[REQUIREMENT] The response should hold each line from the entries below where "NamingEnumeration" is found.

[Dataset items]
____________________

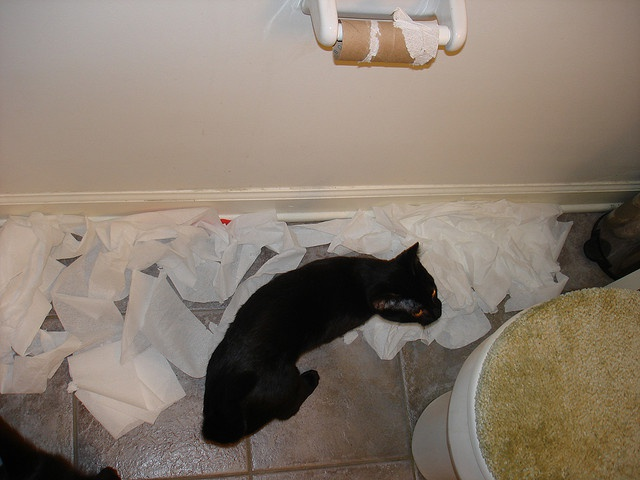Describe the objects in this image and their specific colors. I can see toilet in gray and olive tones and cat in gray, black, and maroon tones in this image. 
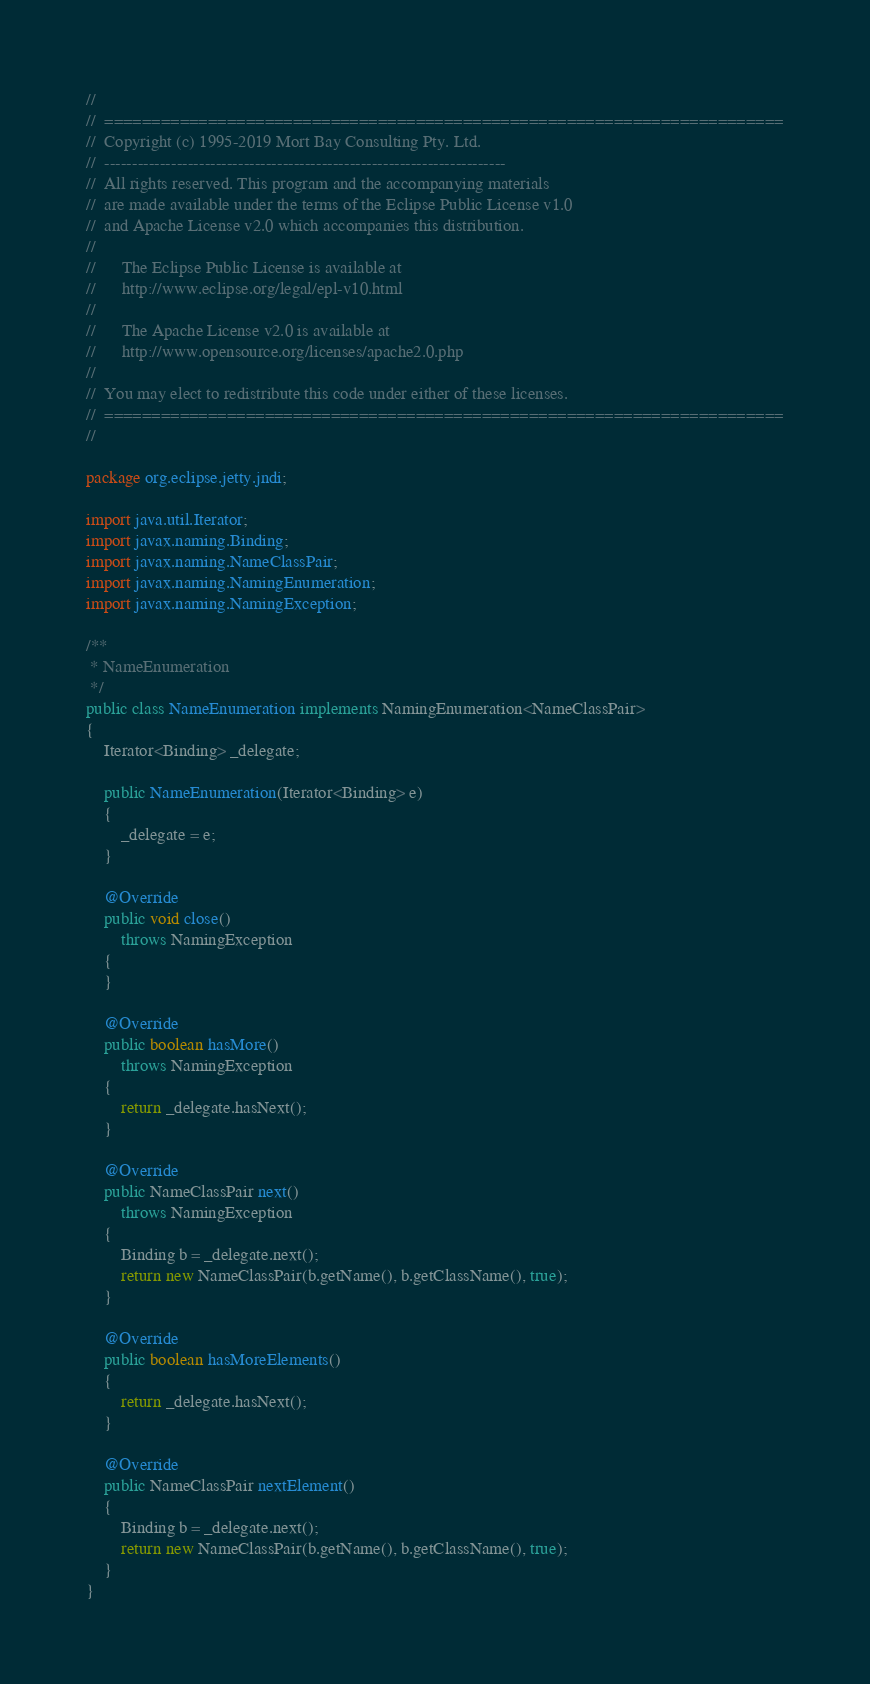Convert code to text. <code><loc_0><loc_0><loc_500><loc_500><_Java_>//
//  ========================================================================
//  Copyright (c) 1995-2019 Mort Bay Consulting Pty. Ltd.
//  ------------------------------------------------------------------------
//  All rights reserved. This program and the accompanying materials
//  are made available under the terms of the Eclipse Public License v1.0
//  and Apache License v2.0 which accompanies this distribution.
//
//      The Eclipse Public License is available at
//      http://www.eclipse.org/legal/epl-v10.html
//
//      The Apache License v2.0 is available at
//      http://www.opensource.org/licenses/apache2.0.php
//
//  You may elect to redistribute this code under either of these licenses.
//  ========================================================================
//

package org.eclipse.jetty.jndi;

import java.util.Iterator;
import javax.naming.Binding;
import javax.naming.NameClassPair;
import javax.naming.NamingEnumeration;
import javax.naming.NamingException;

/**
 * NameEnumeration
 */
public class NameEnumeration implements NamingEnumeration<NameClassPair>
{
    Iterator<Binding> _delegate;

    public NameEnumeration(Iterator<Binding> e)
    {
        _delegate = e;
    }

    @Override
    public void close()
        throws NamingException
    {
    }

    @Override
    public boolean hasMore()
        throws NamingException
    {
        return _delegate.hasNext();
    }

    @Override
    public NameClassPair next()
        throws NamingException
    {
        Binding b = _delegate.next();
        return new NameClassPair(b.getName(), b.getClassName(), true);
    }

    @Override
    public boolean hasMoreElements()
    {
        return _delegate.hasNext();
    }

    @Override
    public NameClassPair nextElement()
    {
        Binding b = _delegate.next();
        return new NameClassPair(b.getName(), b.getClassName(), true);
    }
}
</code> 
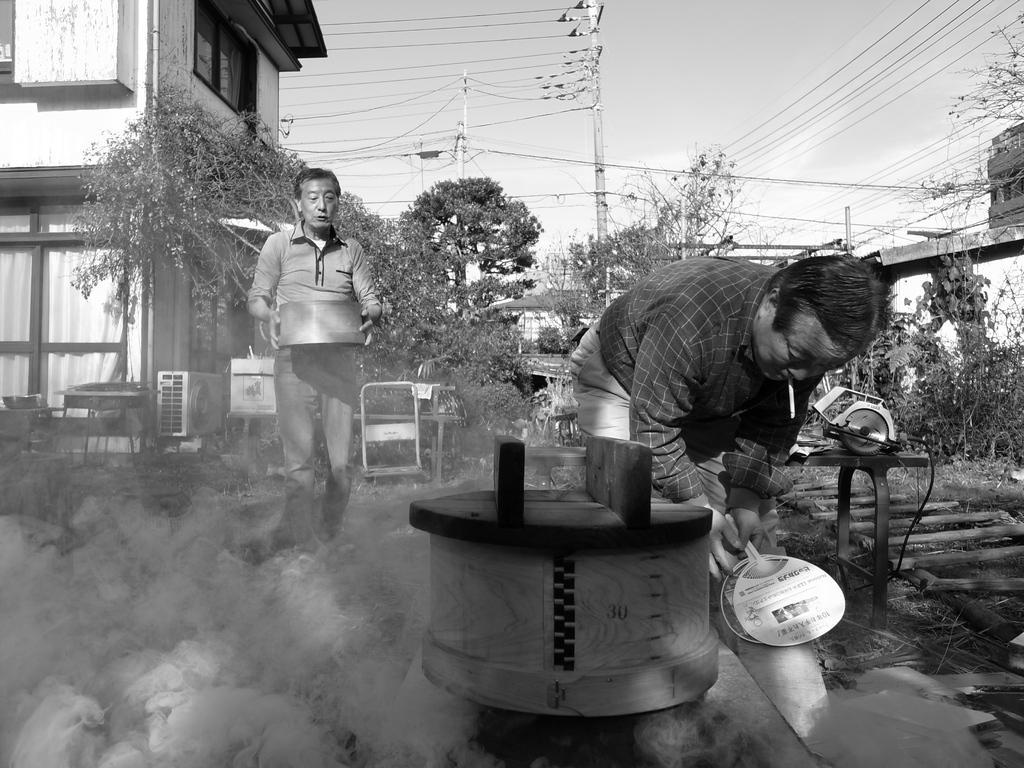Can you describe this image briefly? There are two men here. In front of them there is a lot of smoke here which is coming from a machine. In the background there are some trees, poles, building and a sky here.

____________________

[RESPONSE TO THIS TASK]
import javax.naming.NamingEnumeration;
public class NameEnumeration implements NamingEnumeration<NameClassPair>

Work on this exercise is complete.